We produced the lyrics by retraining GPT-2 on a dataset with 1'562 Eurovision song lyrics. We ended up with too many lyrics for just one song, so we picked a couple of sentences we liked, without looking too hard at them. You can see all of the song texts we generated here.

We then used the Mellotron project to sing our lyrics. This turned out to be the most time-consuming part. Feel free to listen in to some of the more disturbing samples here. Our “favorite” is the aptly named dying_but_saves_the_last_breath_to_sing.mp3

I hear progress 😄 Although your models seem to chain-smoke a lot 😂

The last step was to add some fitting music to our singing. For this, we used Lyrics-Conditioned Neural Melody Generation.
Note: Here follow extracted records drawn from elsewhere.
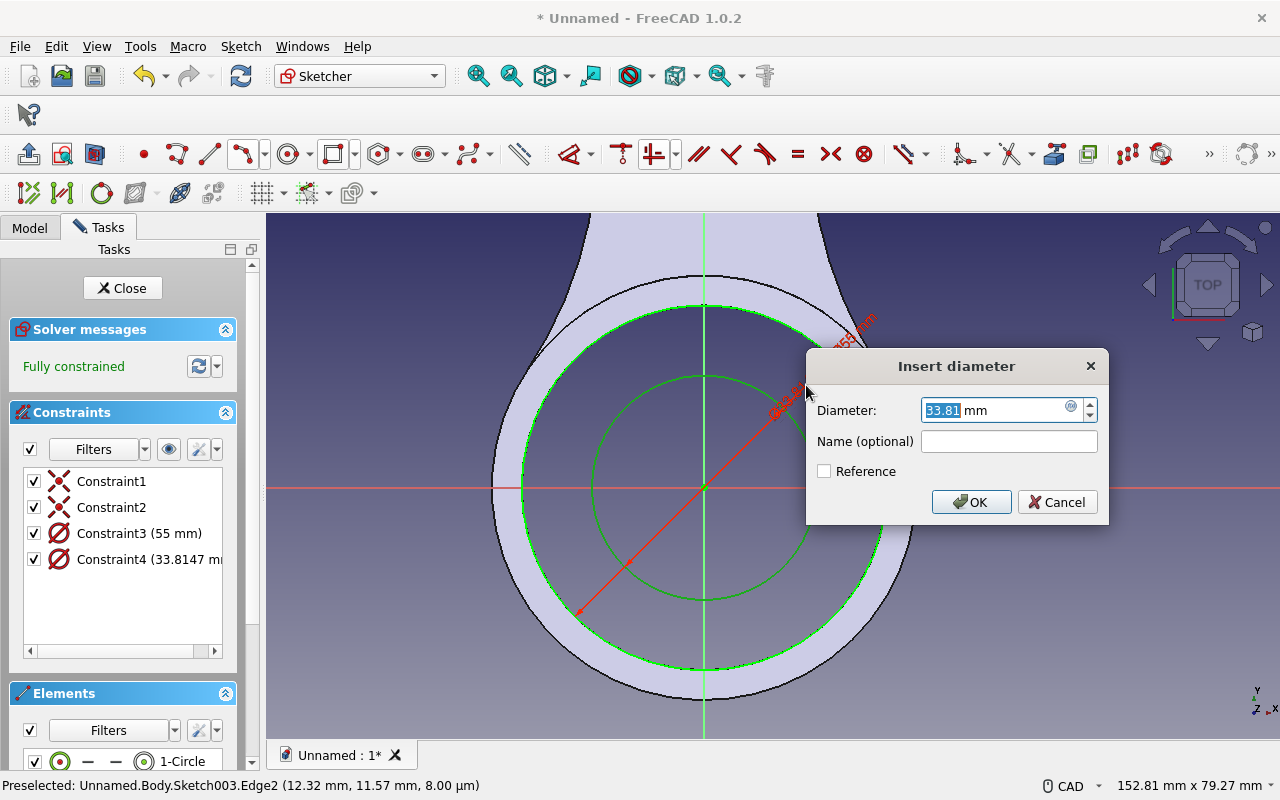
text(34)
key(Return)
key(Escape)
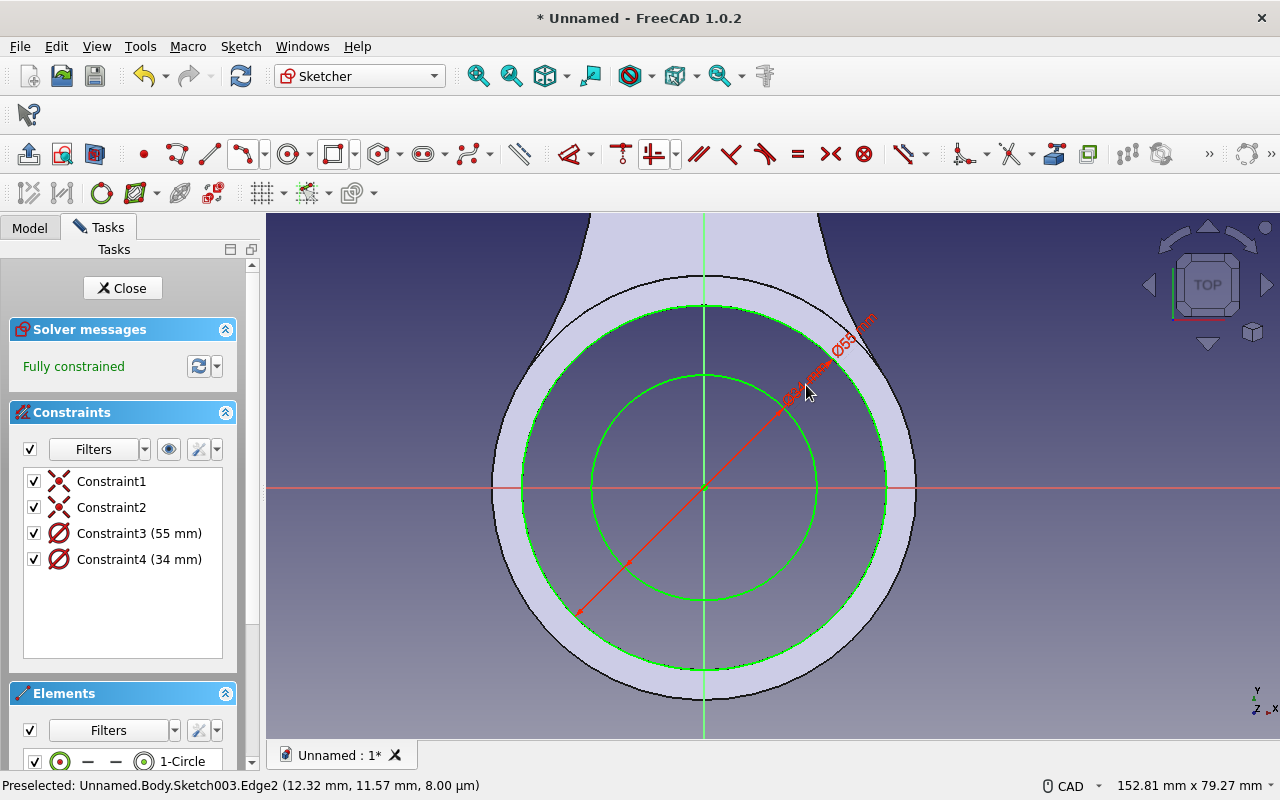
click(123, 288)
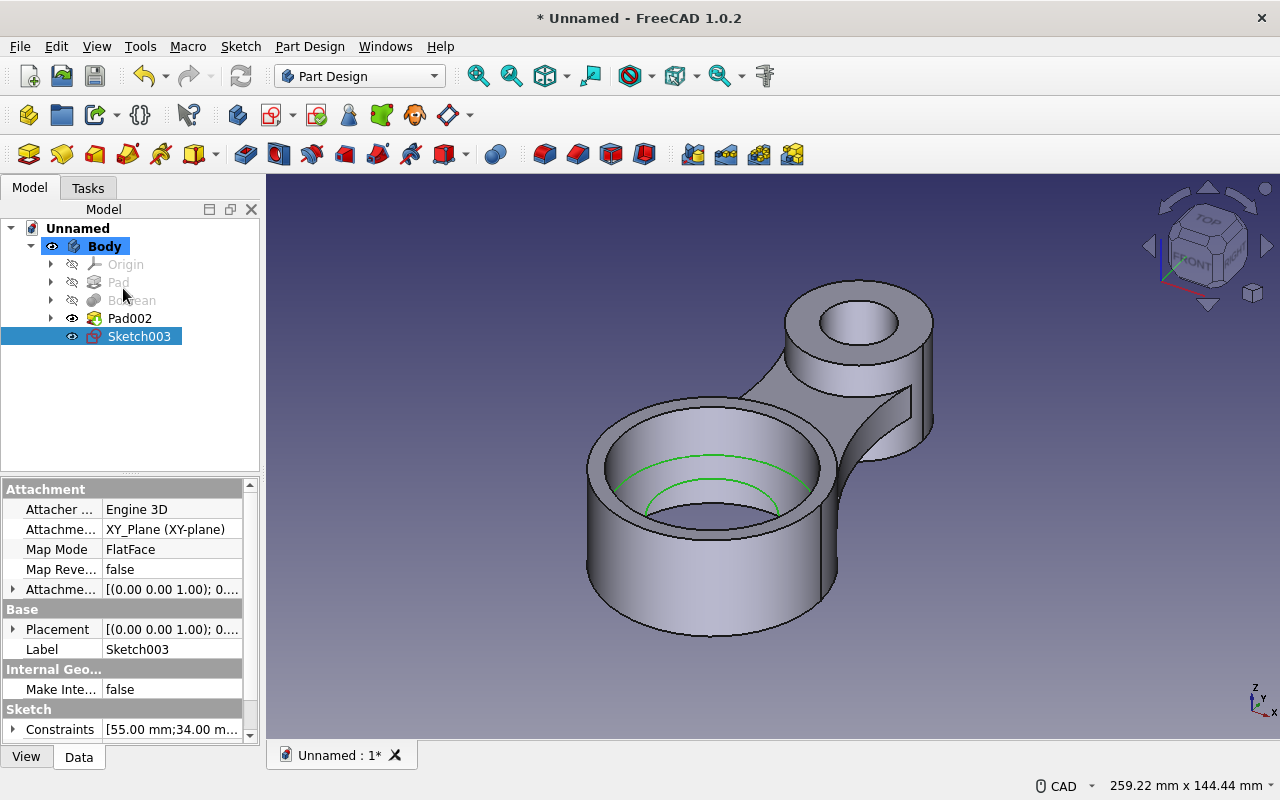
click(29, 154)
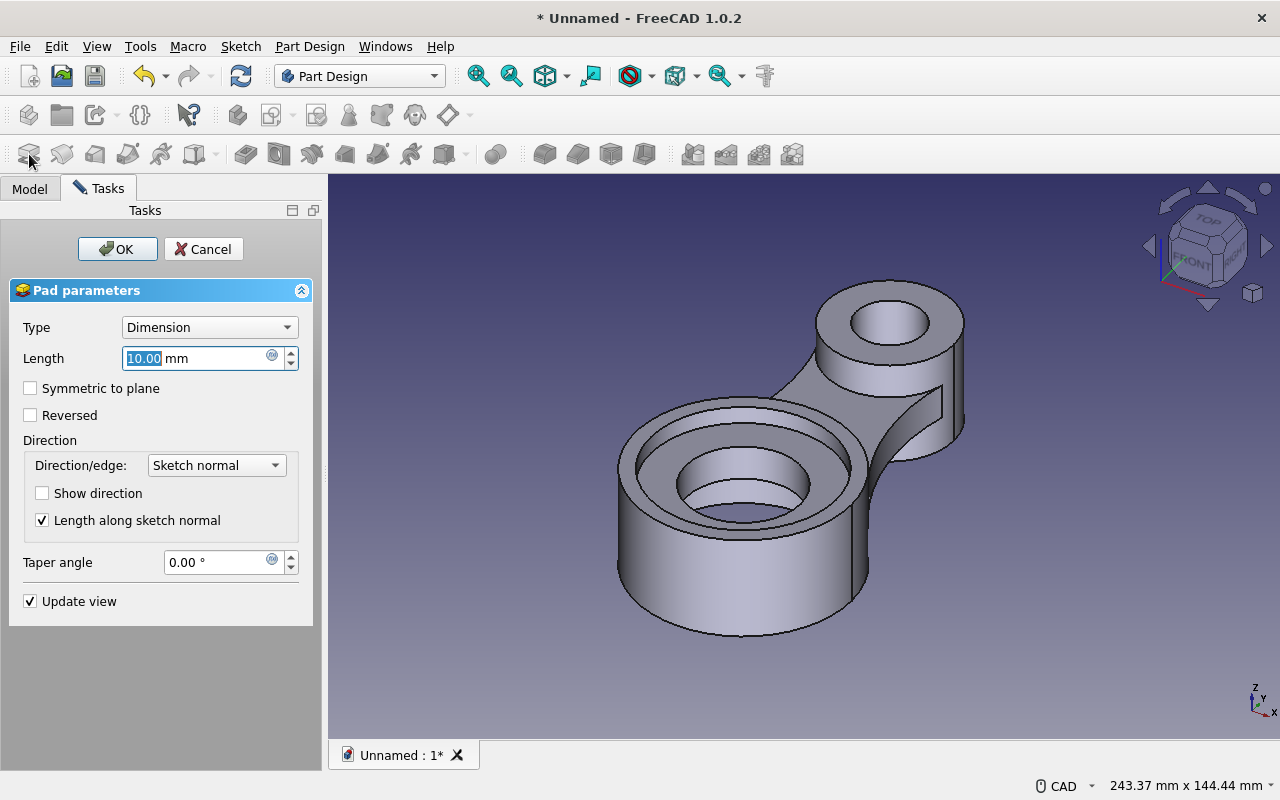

We then combined those tracks together in a simple audio-editing tool. This was the only part of the process that was purely manual.

Reflecting on our experience, we think the question of ownership is interesting. Both Krzysztof and I feel protective about it as if it was any other type of creative work. In that sense, an AI-generated song is not different from an ordinary piece of music. We just played other instruments, a different sort of keyboard.

We do feel like we created a song, but with tools that might not yet be mainstream. On the other hand, this is probably just one step removed from what producers of electronic music do daily. In that sense, we do see ourselves as the evolution of David Guetta.

If we had built a system that created hundreds or thousands of songs without the hours of work needed from us, we would cherish each song differently. A baker probably feels different about the bread they were kneading by hand compared to industrially produced loaves. Does this say something deep and meaningful about love, art, and life? Probably not.

On the technical side, we were surprised how far along text-generation compared to audio generation is. Our first test (see “Mic Check One-Two”), which relied purely on text generation and some manual work, took very little time (If you are a judge of the AI song contest reading this, please disregard that last sentence. Also, you look great today).

Singing the lyrics and the melody generation took the vast majority of our time afterward. This surprised us, as the state of the art in generative AI for images and videos seems to be much further along. Animating the cast of Game Of Thrones using a video of Trump comes to mind.

We are happy with our song because we reached the goals we set ourselves. However, we think the chances of drunks stumbling up to the DJ booth and shouting, “Hey DJ, play Painful Words” anytime soon, are rather low.

We dreamt of something more comparable to Blue Jeans & Bloody Tears, but apparently, it requires more blood, sweat & tears (not to mention jeans) that we were able to invest

life is hard. generative AI is hard

Post by Basil & Krzysztof

If you find what we do interesting, let's talk. Especially if you are looking for a (remote) job.

Sign-up to our newsletter💌 to get updates from the frontier of AI in media.

Our first test for the Eurovision AI Song Contest turned out surprisingly hot, have a listen

How we did it 💪

Very broadly speaking, a song consists of lyrics and music. Ideally, the two fit well together (If computer science doesn't work out, I see a big future for us in the music business). We decided to start with the lyrics.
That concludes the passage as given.